雑誌を読みはじめて暫く経った。ふと弟達の顔が浮かんだ。そろそろ家に帰らなければ弟達が待っているだろう。俺は雑誌を置いて弟たちのためのお菓子と自分のグリーンアップルのガムを手に取りレジへ向かう。レジには俺と同年代ぐらいの女子が立っていた。そして俺に気づくと「いらっしゃいませ」と笑顔で迎えた。そう、俺はこの笑顔が見たくてここへ通っているのだ。



「…グリーンアップルのガムが好きなんですか?」


彼女は商品のバーコードを打ちながら話しかけてきた。話しかけられるなんて今までなかったから焦った。あぁ、はいと答えると笑いながら毎日買ってますもんねと返ってきた。覚えられていた。確かにガムは毎日常に噛んでいるため毎日買うことになるが、彼女に覚えてもらうために同じ商品を買っていたというのが事実。願いは叶ったのだが、何だか嬉しいような図星を抜かれて恥ずかしいような気持ちになった。
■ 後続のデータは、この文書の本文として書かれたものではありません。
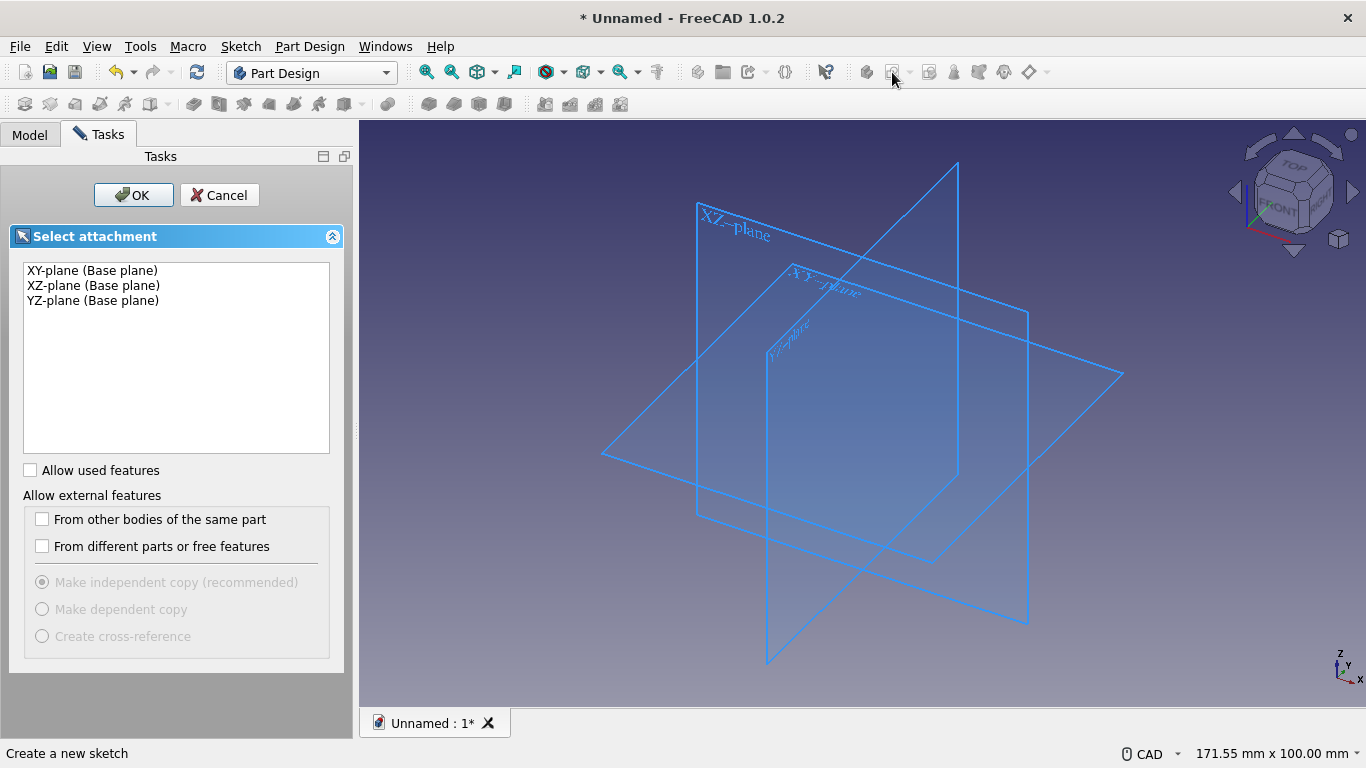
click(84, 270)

「あ、いきなりスイマセン…。赤い髪が綺麗で顔覚えちゃったんです。では、お会計492円です」


俺がきっと赤くなっているであろう顔でフリーズしていたら、恥ずかしそうに打ち明けて彼女は慣れた手つきで商品を袋に入れていく。フリーズしたまま動かない俺を「、、あのー?」と心配そうに顔をのぞきこんできた。我に返って急いで500円を出したら彼女は笑っていた。


「8円のお返しです」
「あ、あの!」


このまま終わってしまうのが嫌だった。何か、何か言わなければ。そう頭の中でぐるぐると脳みそをフル回転させていたら勝手に口が動きはじめた。


「明日も、、来ていいですか?」


我ながら意味のわからないことを口走ってしまった。コンビニなのだから24時間、好きなときにいつでも来ればいい。そんな質問にも彼女は素敵な笑顔を浮かべながら、待ってますと答えてくれた。
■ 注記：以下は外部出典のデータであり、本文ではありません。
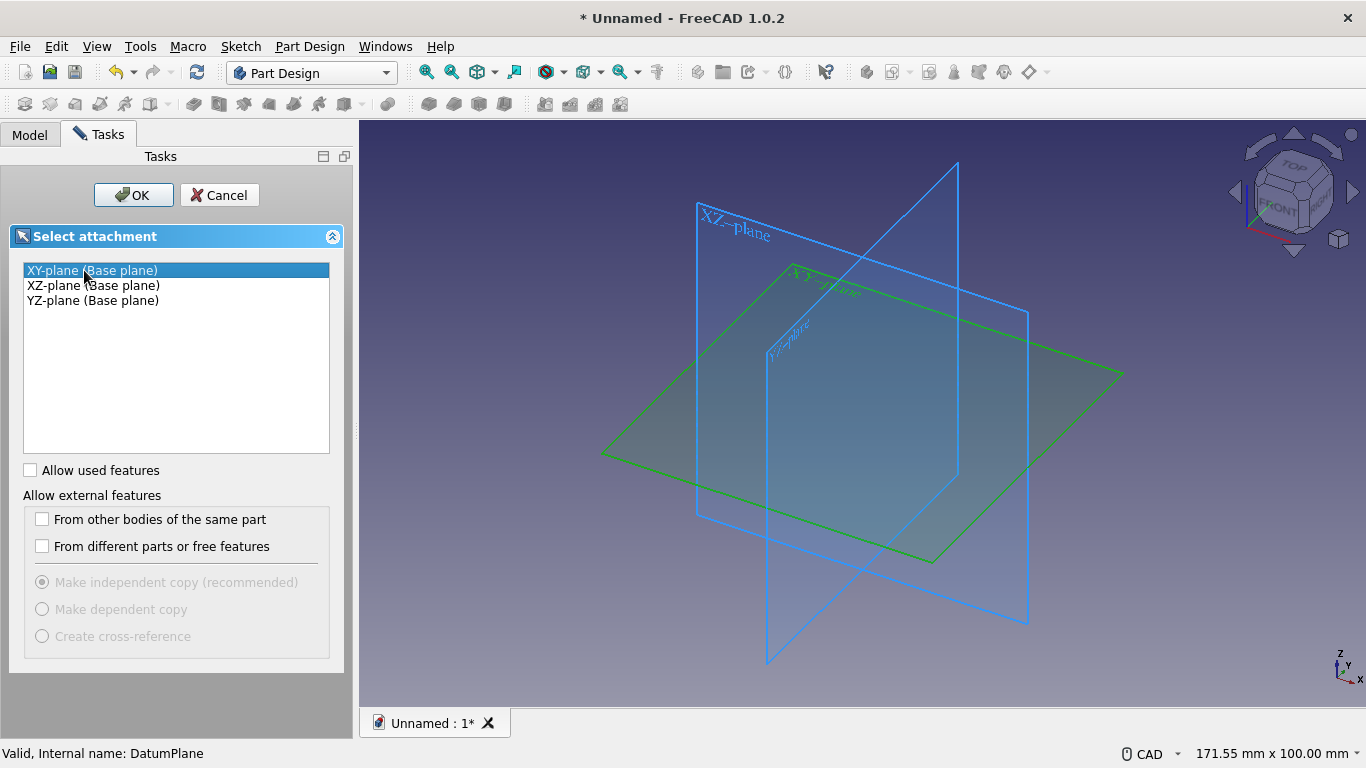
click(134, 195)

明日、彼女は俺が来るのを待っていてくれる。それはなんだか俺だけ特別な感じがして気分が高まった。商品を受け取り、高まる気持ちを抑えながら俺はコンビニを出た。扉が閉まる瞬間に振り返り、もう一度だけ彼女を見ると彼女もコチラを見ていた。ビックリして膨らませていたガムがパン、とはじけた。